───── Entries supplied

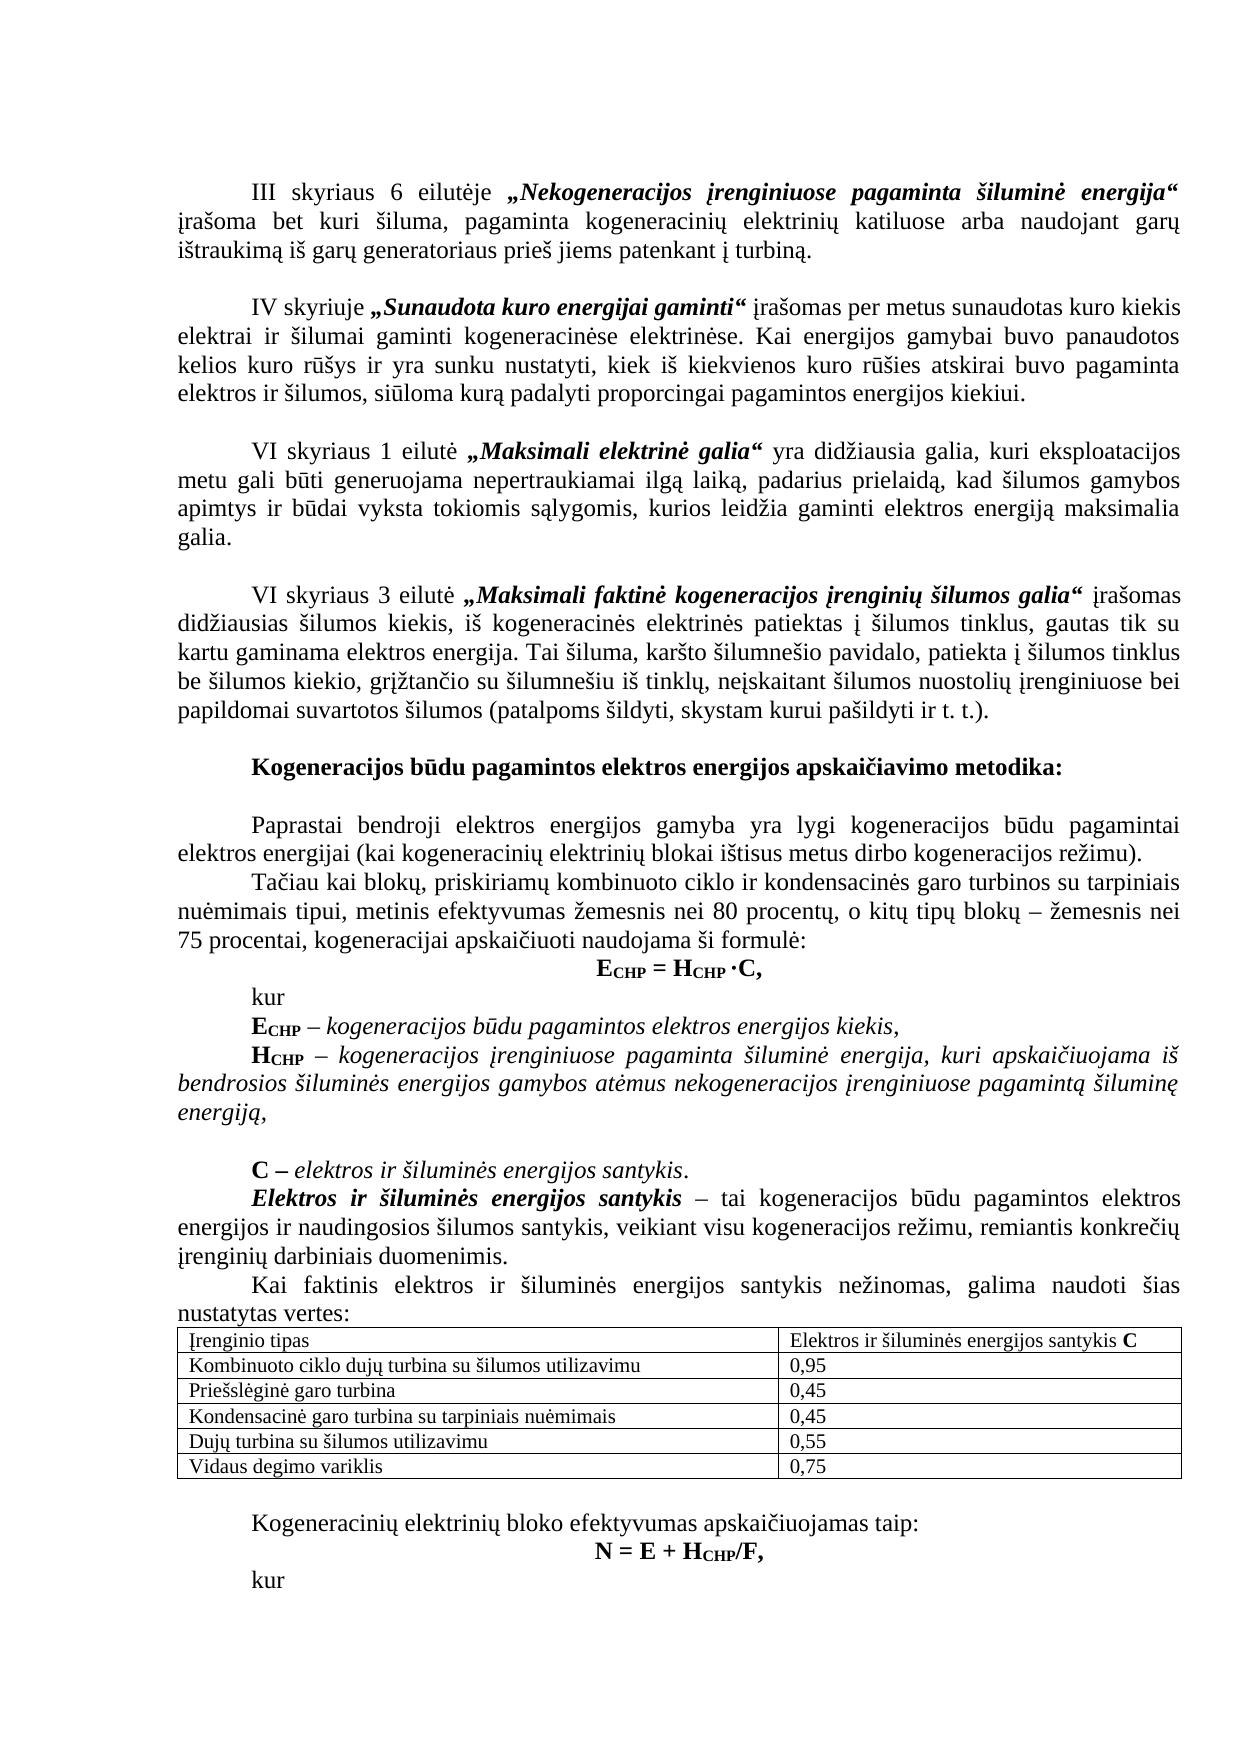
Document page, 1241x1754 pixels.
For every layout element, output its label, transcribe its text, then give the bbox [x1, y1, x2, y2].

text Tačiau kai blokų, priskiriamų kombinuoto ciklo ir kondensacinės garo turbinos su tarpiniais nuėmimais tipui, metinis efektyvumas žemesnis nei 80 procentų, o kitų tipų blokų – žemesnis nei 75 procentai, kogeneracijai apskaičiuoti naudojama ši formulė: [177, 867, 1181, 953]
table_cell Priešslėginė garo turbina [178, 1379, 778, 1402]
text kur [177, 982, 1181, 1011]
table_cell Kombinuoto ciklo dujų turbina su šilumos utilizavimu [178, 1353, 778, 1377]
text IV skyriuje „Sunaudota kuro energijai gaminti“ įrašomas per metus sunaudotas kuro kiekis elektrai ir šilumai gaminti kogeneracinėse elektrinėse. Kai energijos gamybai buvo panaudotos kelios kuro rūšys ir yra sunku nustatyti, kiek iš kiekvienos kuro rūšies atskirai buvo pagaminta elektros ir šilumos, siūloma kurą padalyti proporcingai pagamintos energijos kiekiui. [177, 292, 1181, 407]
table_cell 0,75 [779, 1454, 1181, 1478]
table_cell 0,45 [779, 1379, 1181, 1402]
table_cell 0,45 [779, 1404, 1181, 1428]
table_cell Vidaus degimo variklis [178, 1454, 778, 1478]
text ECHP – kogeneracijos būdu pagamintos elektros energijos kiekis, [177, 1011, 1181, 1040]
text kur [177, 1565, 1181, 1594]
table_cell Kondensacinė garo turbina su tarpiniais nuėmimais [178, 1404, 778, 1428]
table_cell 0,55 [779, 1429, 1181, 1453]
text Kogeneracijos būdu pagamintos elektros energijos apskaičiavimo metodika: [177, 752, 1181, 781]
table_cell Dujų turbina su šilumos utilizavimu [178, 1429, 778, 1453]
text Elektros ir šiluminės energijos santykis – tai kogeneracijos būdu pagamintos elektros energijos ir naudingosios šilumos santykis, veikiant visu kogeneracijos režimu, remiantis konkrečių įrenginių darbiniais duomenimis. [177, 1183, 1181, 1270]
text C – elektros ir šiluminės energijos santykis. [177, 1155, 1181, 1183]
text VI skyriaus 1 eilutė „Maksimali elektrinė galia“ yra didžiausia galia, kuri eksploatacijos metu gali būti generuojama nepertraukiamai ilgą laiką, padarius prielaidą, kad šilumos gamybos apimtys ir būdai vyksta tokiomis sąlygomis, kurios leidžia gaminti elektros energiją maksimalia galia. [177, 436, 1181, 551]
text N = E + HCHP/F, [177, 1536, 1181, 1565]
text VI skyriaus 3 eilutė „Maksimali faktinė kogeneracijos įrenginių šilumos galia“ įrašomas didžiausias šilumos kiekis, iš kogeneracinės elektrinės patiektas į šilumos tinklus, gautas tik su kartu gaminama elektros energija. Tai šiluma, karšto šilumnešio pavidalo, patiekta į šilumos tinklus be šilumos kiekio, grįžtančio su šilumnešiu iš tinklų, neįskaitant šilumos nuostolių įrenginiuose bei papildomai suvartotos šilumos (patalpoms šildyti, skystam kurui pašildyti ir t. t.). [177, 580, 1181, 723]
text Kai faktinis elektros ir šiluminės energijos santykis nežinomas, galima naudoti šias nustatytas vertes: [177, 1270, 1181, 1327]
text III skyriaus 6 eilutėje „Nekogeneracijos įrenginiuose pagaminta šiluminė energija“ įrašoma bet kuri šiluma, pagaminta kogeneracinių elektrinių katiluose arba naudojant garų ištraukimą iš garų generatoriaus prieš jiems patenkant į turbiną. [177, 177, 1181, 263]
text ECHP = HCHP ·C, [177, 953, 1181, 982]
table_header Įrenginio tipas [178, 1328, 778, 1352]
table_cell 0,95 [779, 1353, 1181, 1377]
text Kogeneracinių elektrinių bloko efektyvumas apskaičiuojamas taip: [177, 1508, 1181, 1536]
text HCHP – kogeneracijos įrenginiuose pagaminta šiluminė energija, kuri apskaičiuojama iš bendrosios šiluminės energijos gamybos atėmus nekogeneracijos įrenginiuose pagamintą šiluminę energiją, [177, 1040, 1181, 1126]
text Paprastai bendroji elektros energijos gamyba yra lygi kogeneracijos būdu pagamintai elektros energijai (kai kogeneracinių elektrinių blokai ištisus metus dirbo kogeneracijos režimu). [177, 810, 1181, 867]
table_header Elektros ir šiluminės energijos santykis C [779, 1328, 1181, 1352]

──────────

All that is wanted is the stretch of lines above from the one containing "text III skyriaus" through the one containing "text Kogeneracinių elektrinių", duplicated exactly.

Response:
text III skyriaus 6 eilutėje „Nekogeneracijos įrenginiuose pagaminta šiluminė energija“ įrašoma bet kuri šiluma, pagaminta kogeneracinių elektrinių katiluose arba naudojant garų ištraukimą iš garų generatoriaus prieš jiems patenkant į turbiną. [177, 177, 1181, 263]
text ECHP = HCHP ·C, [177, 953, 1181, 982]
table_header Įrenginio tipas [178, 1328, 778, 1352]
table_cell 0,95 [779, 1353, 1181, 1377]
text Kogeneracinių elektrinių bloko efektyvumas apskaičiuojamas taip: [177, 1508, 1181, 1536]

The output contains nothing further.